SELAYAR, KOMPAS.com - Pariwisata akan jadi harapan terbesar bagi Kabupaten Kepulauan Selayar, Sulawesi Selatan. Namun, masih banyak pekerjaan rumah yang menjadi tantangan kabupaten ini untuk memajukan sektor pariwisatanya, salah satunya kemudahan akses bagi wisatawan masuk ke Selayar.

Hal tersebut dipaparkan Wakil Bupati Kepulauan Selayar periode 2016-2021, Dr H Zainuddin dalam jumpa pers "Kinerja Penyelenggaraan Pemerintahan Daerah Kabupaten Kepulauan Selayar Tahun Anggaran 2016 - 2019, Selasa (19/3/2019).
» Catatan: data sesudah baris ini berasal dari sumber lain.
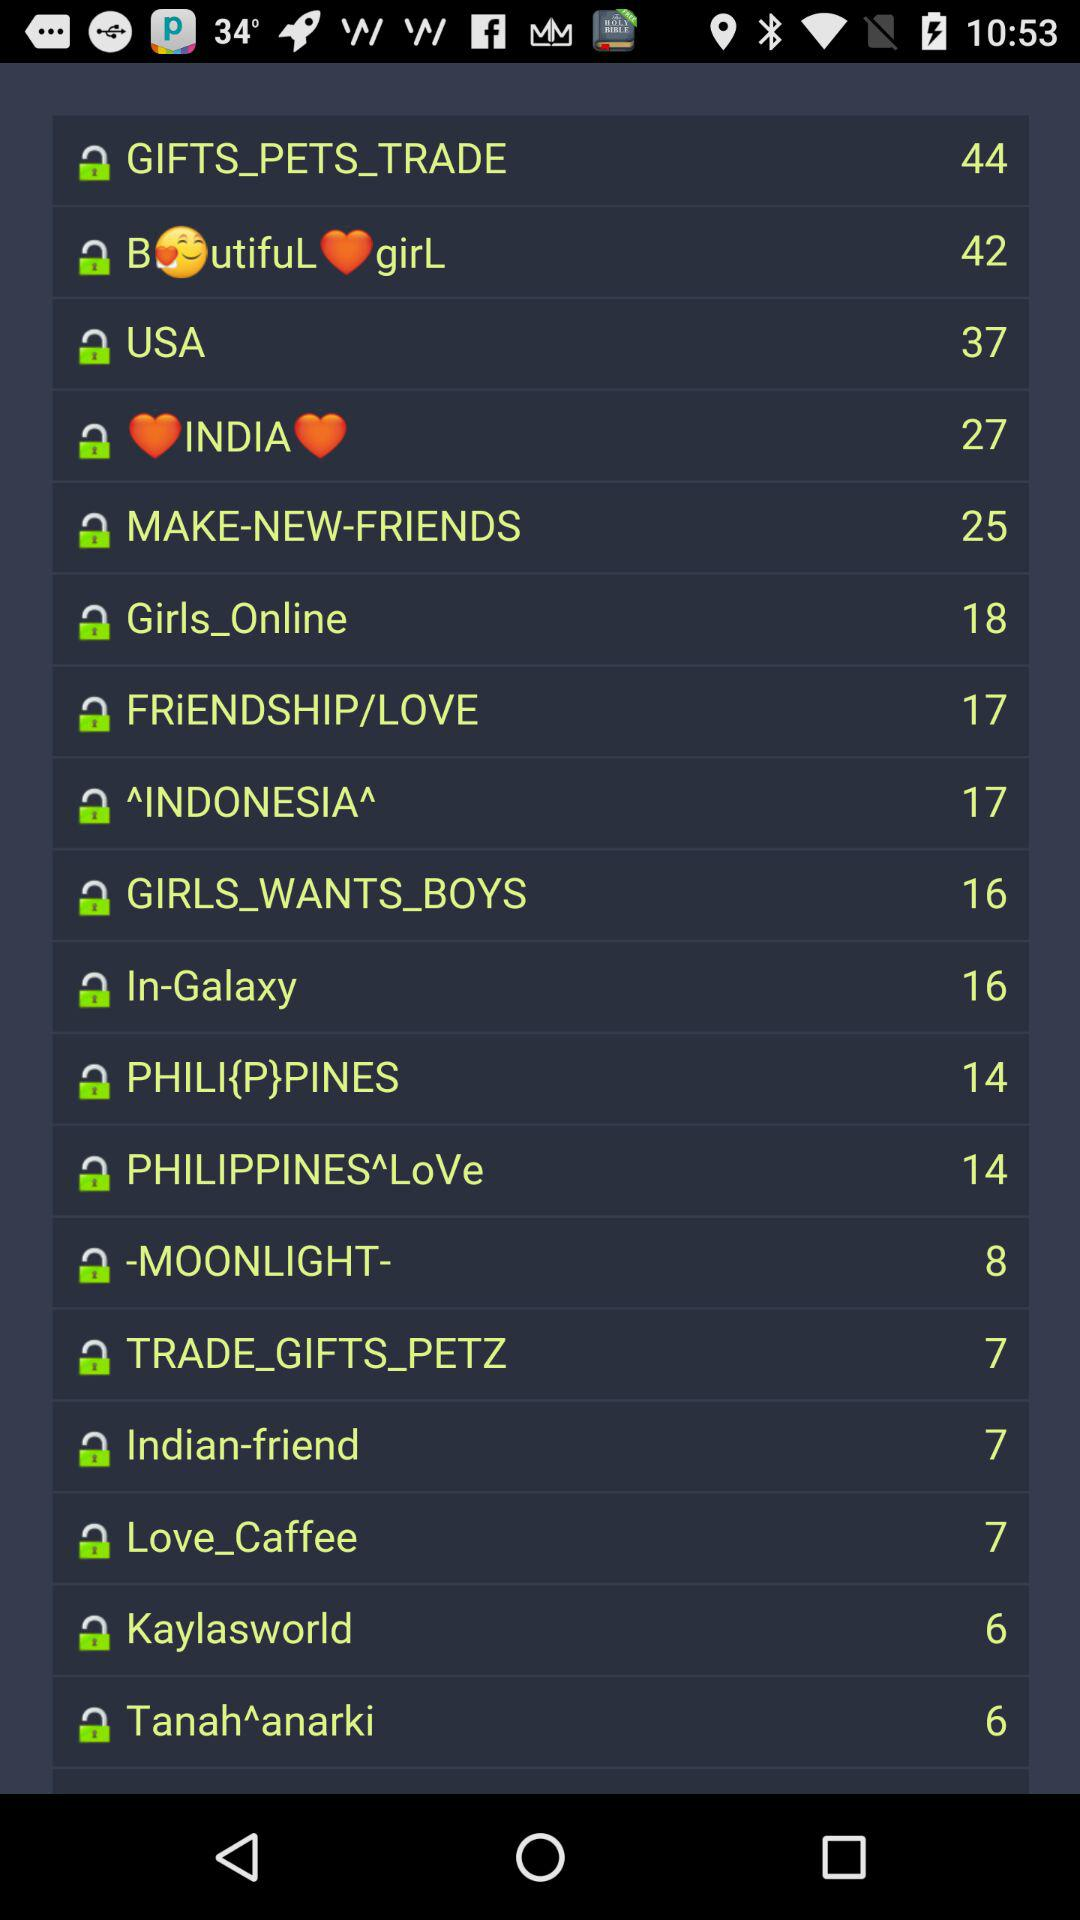What is the number of Indian friends? The number of Indian friends is 7. 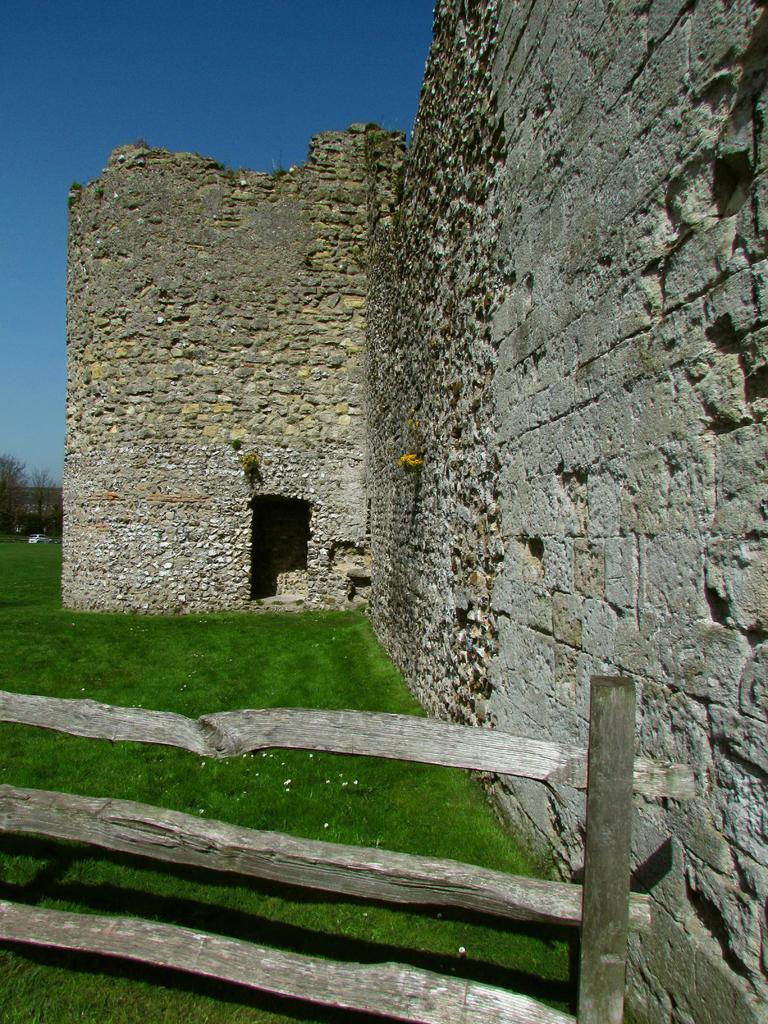What can be seen at the bottom of the image? There is a boundary at the bottom side of the image. What type of landscape is in the center of the image? There is a grassland in the center of the image. What structure is located on the right side of the image? There is a wall on the right side of the image. What is the taste of the zephyr in the image? There is no mention of a zephyr in the image, and therefore no taste can be attributed to it. How many carriages are present in the image? There is no mention of a carriage in the image.

Dengan luas wilayah 11.000 kilometer dan 90 persen dari luas itu merupakan lautan, lanjut Zainuddin, kesiapan transportasi dengan dukungan infrastruktur kuat adalah syarat mutlak untuk dibenahi. Saat ini, akses tercepat menuju Selayar dari Makassar hanya dilayani pesawat ATR oleh 3 maskapai, yakni Transnusa, Wings, dan Garuda.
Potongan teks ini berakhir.